Bir yaz günüydü.Gökyüzü masmavi, güneş sapsarıydı.Havanın bu kadar sıcak olmasına karşın dışarıda bedeni okşayan ılık bir rüzgar esiyordu.Her yer yemyeşil, çiçekler tomurcuklarını besliyor, güneş onlara yardım ediyordu.Rüzgar ise polenleri alıp başka bir çiçeğe taşıyor, etraf daha da güzelleşiyordu.Günün bu kadar güzel olmasına rağmen Jonas mutsuzdu.Çünkü başı ağrıyor ve bedeni kaskatı kesilmiş bir bizimde yatıyordu.1 haftadır hiç kimse aramamış, halini hatırını soran olmamıştı.Acaba arkadaşları tarafından unutulmuş muydu?
Kalkıp mutfağa gitti ve kendine yiyecek bir şeyler hazırladı.2 gündür doğru düzgün bir şey yememişti.Her şeyi unutup uzaklara gitmek istiyordu.Kafasını dinleyeceği ve rahat bir şekilde yazı yazacağı bir yer....Bunun için dükkanını kapatması gerekiyordu.Böyle bir şey yaparsa geçimini nasıl sağlayacaktı?Hoş, zaten 2 gündür gelen giden olmamıştı.O yüzden bugün dükkanı açmamaya karar verdi.Tüm bunları düşününce başı daha da çok ağrıyordu.Bir an önce yemeğini yiyip, ilaç içmesi gerekiyordu.Ama başında tüm bu olumsuzluklar varken nasıl rahatlayabilirdi ki? İlacın etkisi 1 veya 2 saat sürerdi.Ya sonrası?
Bu evde tıkılı kaldıkça bu sorunlar hep onu bulacaktı.Biraz açık hava iyi gelebilirdi.Evden taşınıp uzaklarda bir yerlerden başka bir ev almaya karar verdi.Evet, belki bu iyi bir fikir olabilirdi.Tabağındaki salatayı kaşıkladı ve kolasını içti.Sonra kalkıp ecza dolabından bir ağrı kesici aldı.Su doldurup hapı midesine gönderdi.Hemen odasına çıkıp, giyinmeye başladı.
Birkaç emlakçı biliyordu ama hepsine de gitmişti.Hiçbirinde istediği tarzda bir ev bulamamıştı.Dükkanının yanındaki emlakçıya uğramak istedi.Aslında o adam biraz kaçıktı ama iyi evler satardı.Yalnız sattığı her ev ile ilgili farklı ve saçma sapan hikayeler anlatırdı.Bazı insanlar onun bu anlattıklarına inanırlardı.Yine de gitmekte fayda vardı.Belki ona göre birkaç güzel evi vardır, diye düşündü.

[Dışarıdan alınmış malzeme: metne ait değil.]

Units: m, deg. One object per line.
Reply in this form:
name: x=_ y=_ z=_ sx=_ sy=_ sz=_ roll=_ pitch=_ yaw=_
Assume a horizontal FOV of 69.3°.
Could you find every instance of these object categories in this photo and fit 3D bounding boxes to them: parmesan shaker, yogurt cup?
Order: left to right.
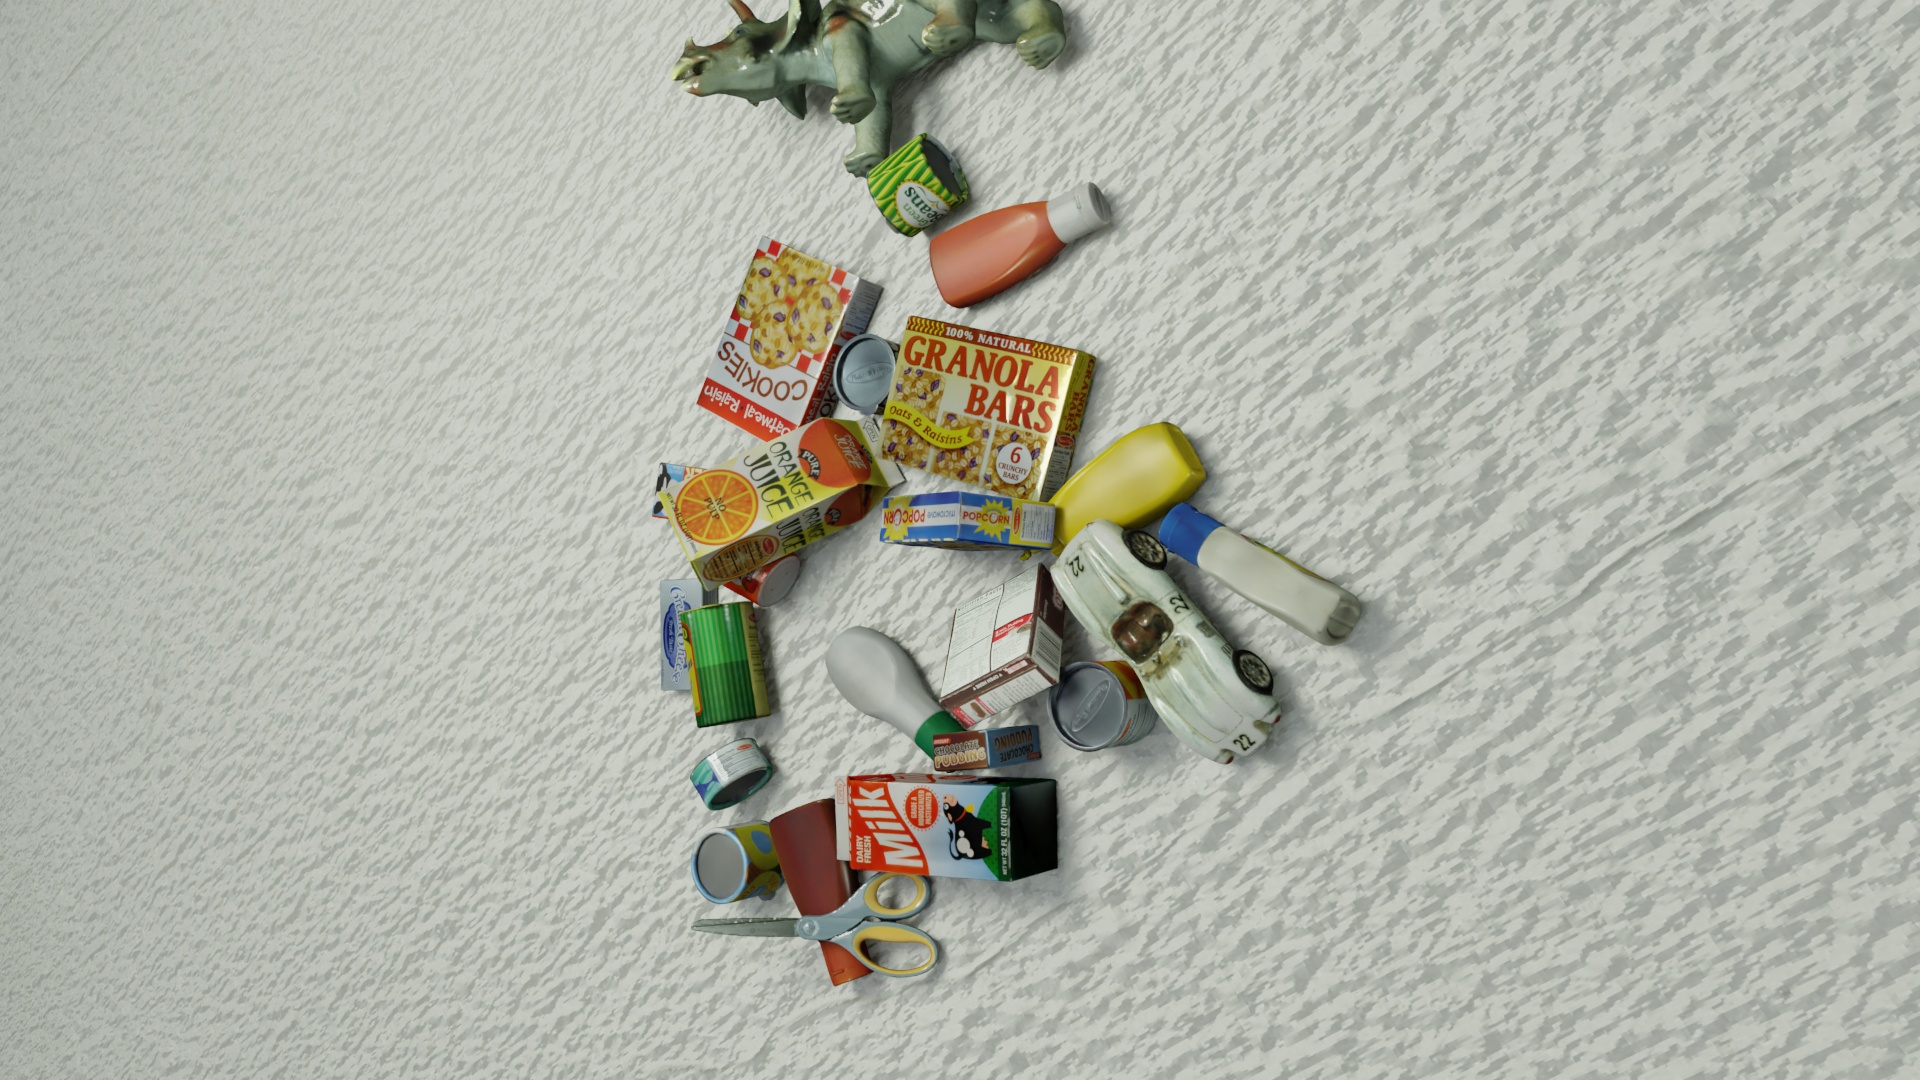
parmesan shaker: x=-0.209 y=0.110 z=1.227 sx=0.071 sy=0.071 sz=0.103 roll=-15 pitch=81 yaw=31
yogurt cup: x=-0.178 y=0.023 z=1.224 sx=0.054 sy=0.072 sz=0.072 roll=34 pitch=104 yaw=21

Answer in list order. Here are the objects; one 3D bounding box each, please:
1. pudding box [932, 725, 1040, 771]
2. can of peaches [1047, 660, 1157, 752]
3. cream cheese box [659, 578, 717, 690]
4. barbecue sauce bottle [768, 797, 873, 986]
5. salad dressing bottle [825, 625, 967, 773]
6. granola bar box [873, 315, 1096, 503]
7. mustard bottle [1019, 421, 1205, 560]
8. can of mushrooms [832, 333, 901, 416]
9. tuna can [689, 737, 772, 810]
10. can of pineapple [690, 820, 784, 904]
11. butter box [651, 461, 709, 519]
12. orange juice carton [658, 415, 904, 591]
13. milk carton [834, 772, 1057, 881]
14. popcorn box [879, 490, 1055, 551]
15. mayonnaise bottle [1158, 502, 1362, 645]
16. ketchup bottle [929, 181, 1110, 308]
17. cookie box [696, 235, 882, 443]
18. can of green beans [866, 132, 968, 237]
pudding box: x=0.021 y=0.161 z=1.074 sx=0.049 sy=0.084 sz=0.030 roll=-9 pitch=82 yaw=32
can of peaches: x=0.106 y=0.121 z=1.039 sx=0.071 sy=0.058 sz=0.071 roll=-3 pitch=85 yaw=33
cream cheese box: x=-0.251 y=0.087 z=1.287 sx=0.053 sy=0.024 sz=0.104 roll=-5 pitch=84 yaw=30
barbecue sauce bottle: x=-0.113 y=0.297 z=1.171 sx=0.064 sy=0.044 sz=0.149 roll=-27 pitch=73 yaw=25
salad dressing bottle: x=-0.049 y=0.131 z=1.145 sx=0.148 sy=0.044 sz=0.064 roll=41 pitch=107 yaw=27
granola bar box: x=0.018 y=-0.106 z=1.124 sx=0.165 sy=0.039 sz=0.124 roll=17 pitch=96 yaw=32
mustard bottle: x=0.107 y=-0.028 z=1.056 sx=0.159 sy=0.049 sz=0.065 roll=-33 pitch=72 yaw=27
can of mushrooms: x=-0.074 y=-0.139 z=1.188 sx=0.071 sy=0.033 sz=0.071 roll=-3 pitch=84 yaw=31
tuna can: x=-0.202 y=0.207 z=1.222 sx=0.071 sy=0.071 sz=0.033 roll=-45 pitch=66 yaw=21
can of pineapple: x=-0.192 y=0.282 z=1.213 sx=0.071 sy=0.058 sz=0.071 roll=-3 pitch=85 yaw=32
butter box: x=-0.240 y=-0.041 z=1.290 sx=0.103 sy=0.024 sz=0.053 roll=8 pitch=90 yaw=32
orange juice carton: x=-0.147 y=-0.038 z=1.174 sx=0.193 sy=0.072 sz=0.072 roll=-26 pitch=69 yaw=-10
milk carton: x=-0.023 y=0.224 z=1.103 sx=0.190 sy=0.073 sz=0.072 roll=-5 pitch=84 yaw=32
popcorn box: x=0.004 y=-0.013 z=1.071 sx=0.126 sy=0.085 sz=0.038 roll=-2 pitch=84 yaw=60
mayonnaise bottle: x=0.208 y=0.021 z=0.983 sx=0.148 sy=0.065 sz=0.041 roll=34 pitch=98 yaw=33
ketchup bottle: x=0.047 y=-0.241 z=1.114 sx=0.148 sy=0.043 sz=0.065 roll=-20 pitch=77 yaw=29
cookie box: x=-0.154 y=-0.171 z=1.238 sx=0.123 sy=0.040 sz=0.167 roll=28 pitch=100 yaw=31
can of green beans: x=-0.035 y=-0.296 z=1.158 sx=0.057 sy=0.071 sz=0.071 roll=-29 pitch=72 yaw=27
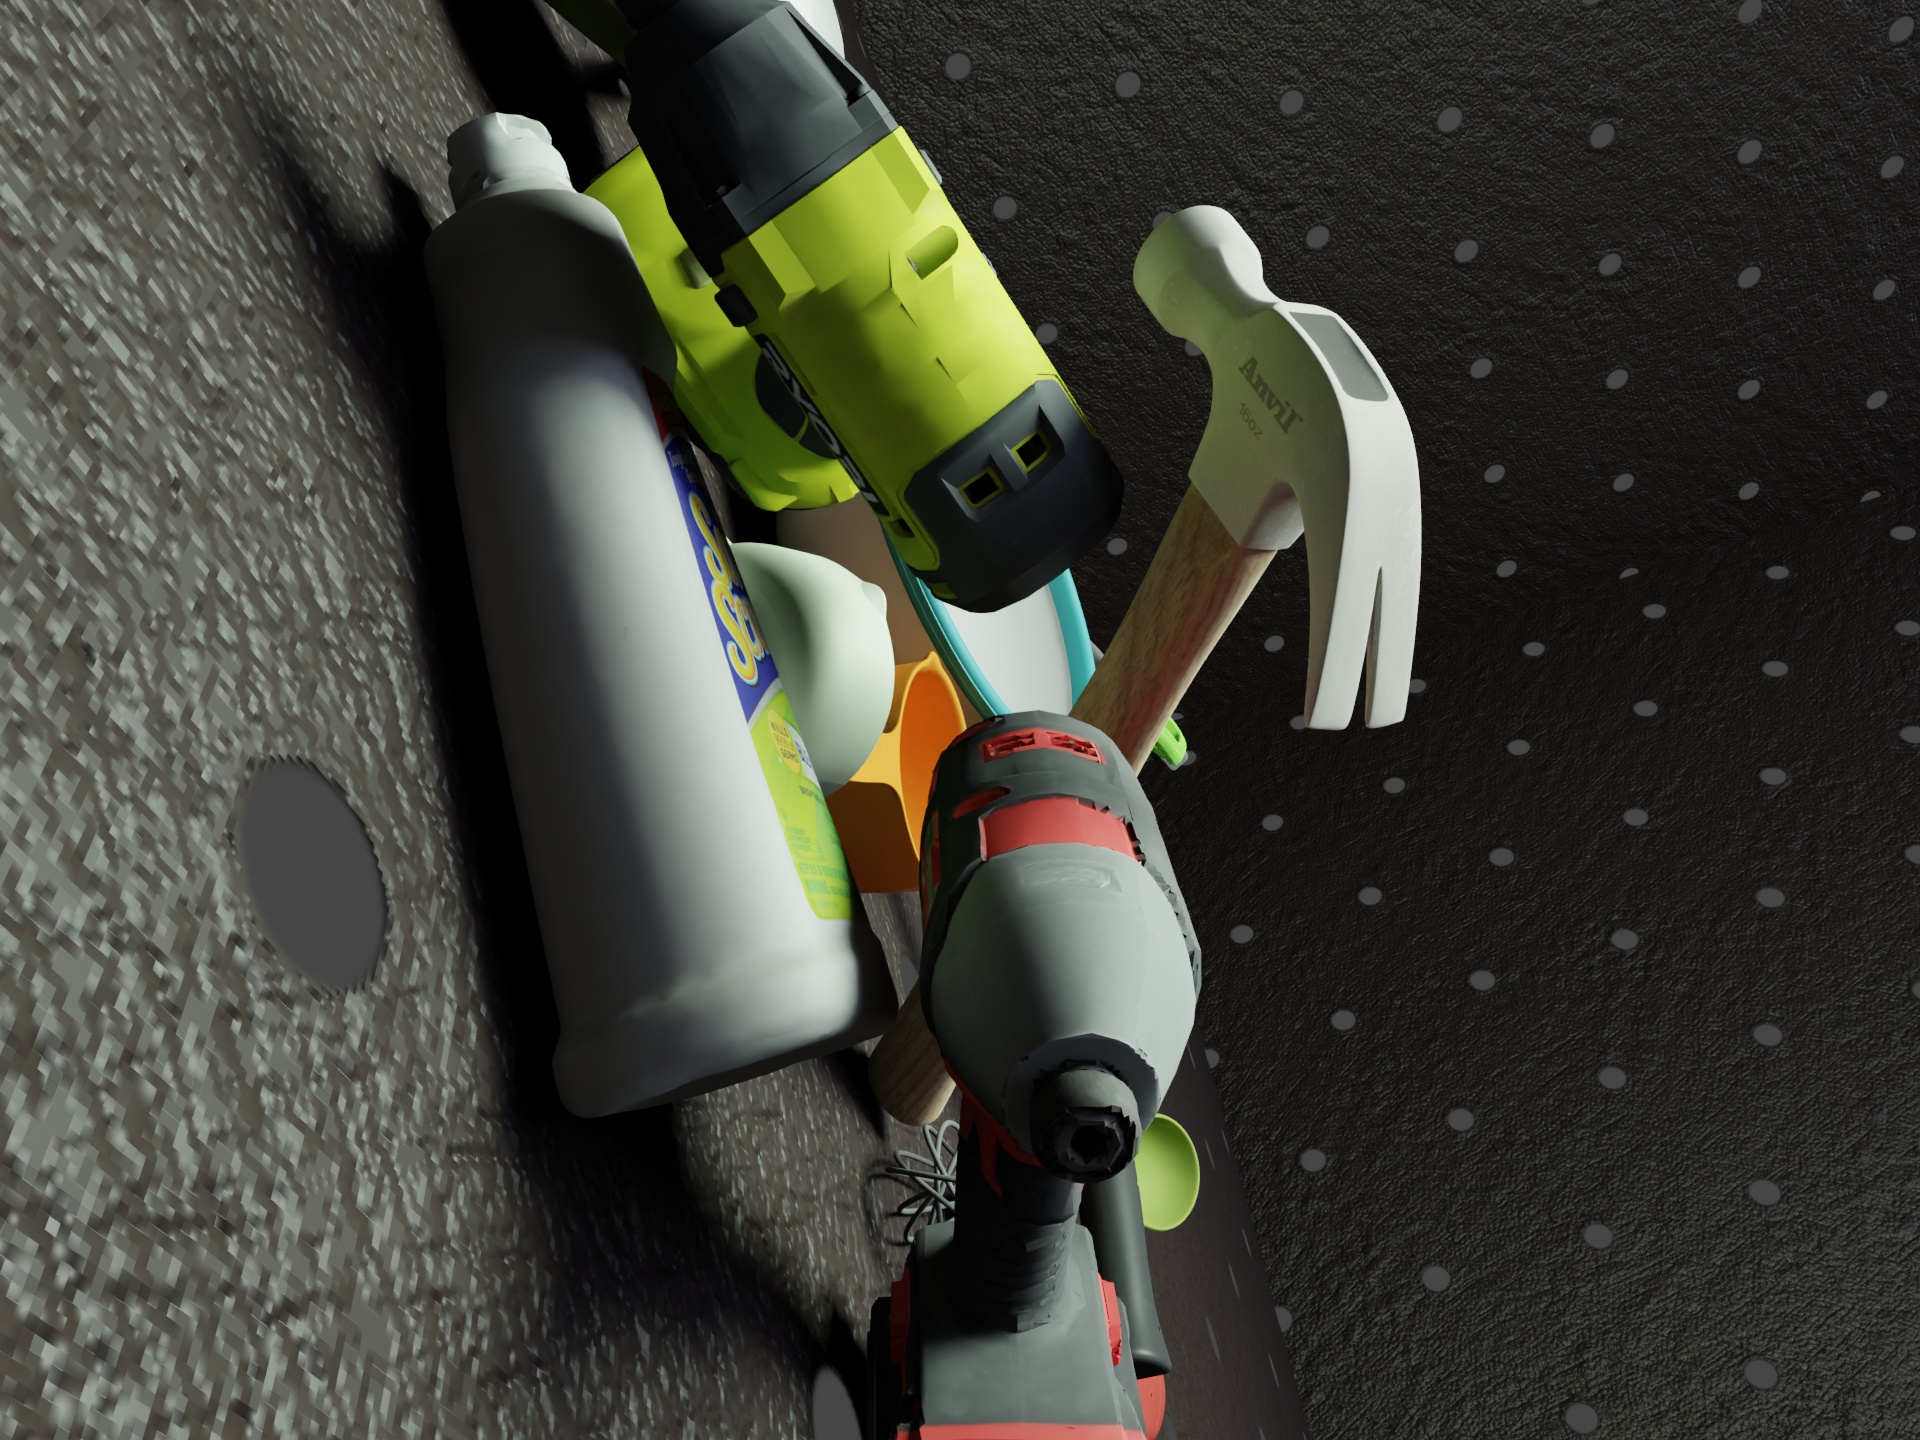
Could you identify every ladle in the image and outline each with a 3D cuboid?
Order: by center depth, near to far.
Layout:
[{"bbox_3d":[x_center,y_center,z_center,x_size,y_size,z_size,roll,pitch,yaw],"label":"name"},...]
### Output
[{"bbox_3d":[0.107,0.311,0.971,0.320,0.062,0.078,-1,73,-79],"label":"ladle"}]

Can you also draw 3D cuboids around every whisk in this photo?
[{"bbox_3d":[0.014,0.189,0.635,0.238,0.055,0.055,60,14,-71],"label":"whisk"}]

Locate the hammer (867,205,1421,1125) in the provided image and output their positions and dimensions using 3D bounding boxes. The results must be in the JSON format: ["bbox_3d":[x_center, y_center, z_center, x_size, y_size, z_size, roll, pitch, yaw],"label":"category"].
[{"bbox_3d":[0.034,0.026,0.479,0.130,0.031,0.331,63,-37,35],"label":"hammer"}]

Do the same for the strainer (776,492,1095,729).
[{"bbox_3d":[-0.001,-0.002,0.728,0.211,0.095,0.340,-11,81,-69],"label":"strainer"}]

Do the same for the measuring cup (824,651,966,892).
[{"bbox_3d":[-0.046,0.017,0.569,0.173,0.052,0.095,21,65,-69],"label":"measuring cup"}]

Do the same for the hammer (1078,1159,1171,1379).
[{"bbox_3d":[0.061,0.156,0.754,0.335,0.035,0.146,-93,165,-53],"label":"hammer"}]

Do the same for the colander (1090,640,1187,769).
[{"bbox_3d":[0.066,-0.004,1.040,0.204,0.094,0.397,47,4,-12],"label":"colander"}]

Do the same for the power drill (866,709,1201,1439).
[{"bbox_3d":[0.018,0.122,0.392,0.143,0.078,0.219,-97,-171,-65],"label":"power drill"}]

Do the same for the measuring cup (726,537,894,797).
[{"bbox_3d":[-0.084,-0.049,0.466,0.168,0.083,0.038,57,20,17],"label":"measuring cup"}]

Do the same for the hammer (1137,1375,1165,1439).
[{"bbox_3d":[0.049,0.304,0.647,0.359,0.036,0.149,35,38,-77],"label":"hammer"}]

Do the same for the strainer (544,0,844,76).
[{"bbox_3d":[-0.101,-0.275,0.608,0.151,0.069,0.257,33,8,-21],"label":"strainer"}]

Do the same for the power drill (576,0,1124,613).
[{"bbox_3d":[-0.050,-0.125,0.461,0.171,0.080,0.223,54,-7,-19],"label":"power drill"}]

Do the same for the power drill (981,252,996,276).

İçeri girdi ve selam verdi.Emlakçı önündeki dosyalardan kafasını kaldırıp bir selam bile vermedi.Ne garip adam, diye düşündü Jonas.Masanın önündeki sandalyeye geçip oturdu.Adam sonunda kafasını kaldırıp baktı.Jonas'ı şöyle bir süzdü.Ardından:
-Ne istiyorsun?, diye sordu.
Bir emlakçıdan evden başka ne istenilir ki?, diye düşündü Jonas.Ama bu düşünceyi sesli bir biçimde söylemedi.
-Büyük bahçesi olan bir ev istiyorum, dedi sonunda Jonas.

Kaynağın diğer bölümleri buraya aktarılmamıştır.